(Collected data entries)
══════════════════════════════

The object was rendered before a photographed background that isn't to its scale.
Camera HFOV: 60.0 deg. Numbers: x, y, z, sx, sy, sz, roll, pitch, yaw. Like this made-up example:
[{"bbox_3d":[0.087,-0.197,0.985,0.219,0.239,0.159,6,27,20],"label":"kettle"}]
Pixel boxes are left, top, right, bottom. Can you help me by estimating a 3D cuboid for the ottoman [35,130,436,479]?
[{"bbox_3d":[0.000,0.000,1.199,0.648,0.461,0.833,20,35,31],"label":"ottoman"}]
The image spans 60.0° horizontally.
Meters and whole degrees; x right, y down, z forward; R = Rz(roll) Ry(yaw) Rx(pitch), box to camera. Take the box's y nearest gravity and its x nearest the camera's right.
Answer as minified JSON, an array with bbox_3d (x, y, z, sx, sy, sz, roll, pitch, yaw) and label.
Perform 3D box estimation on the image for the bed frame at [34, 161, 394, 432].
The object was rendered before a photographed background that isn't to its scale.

══════════════════════════════

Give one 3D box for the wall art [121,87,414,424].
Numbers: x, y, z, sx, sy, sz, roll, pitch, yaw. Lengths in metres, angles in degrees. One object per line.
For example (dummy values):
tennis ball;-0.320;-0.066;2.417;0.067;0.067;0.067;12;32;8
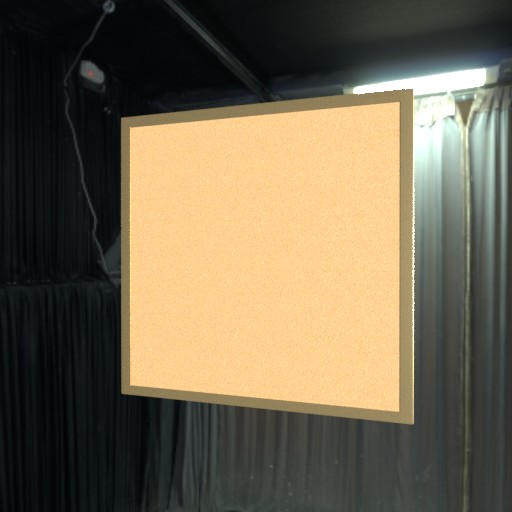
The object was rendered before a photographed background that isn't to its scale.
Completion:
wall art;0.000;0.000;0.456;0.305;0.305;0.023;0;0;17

══════════════════════════════

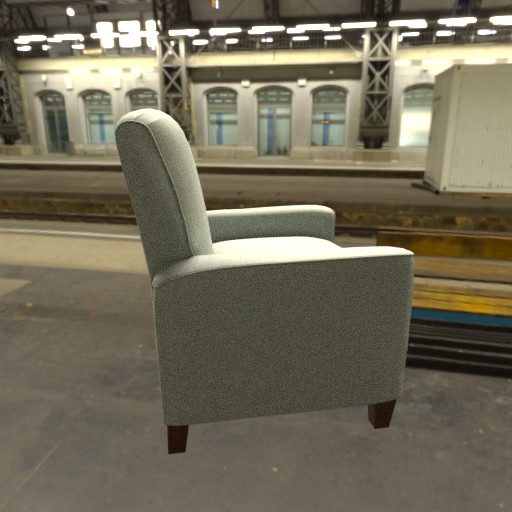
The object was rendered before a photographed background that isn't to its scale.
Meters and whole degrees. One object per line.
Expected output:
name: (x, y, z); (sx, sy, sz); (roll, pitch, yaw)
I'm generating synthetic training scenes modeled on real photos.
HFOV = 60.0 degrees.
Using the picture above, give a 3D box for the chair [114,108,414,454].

══════════════════════════════

Aim of the task :: Using only the entries above, output the line with "HFOV = 60.0 degrees.", the line with "Using the picture", and all lines between them, exactly as they stand.

Solution for this problem ::
HFOV = 60.0 degrees.
Using the picture above, give a 3D box for the chair [114,108,414,454].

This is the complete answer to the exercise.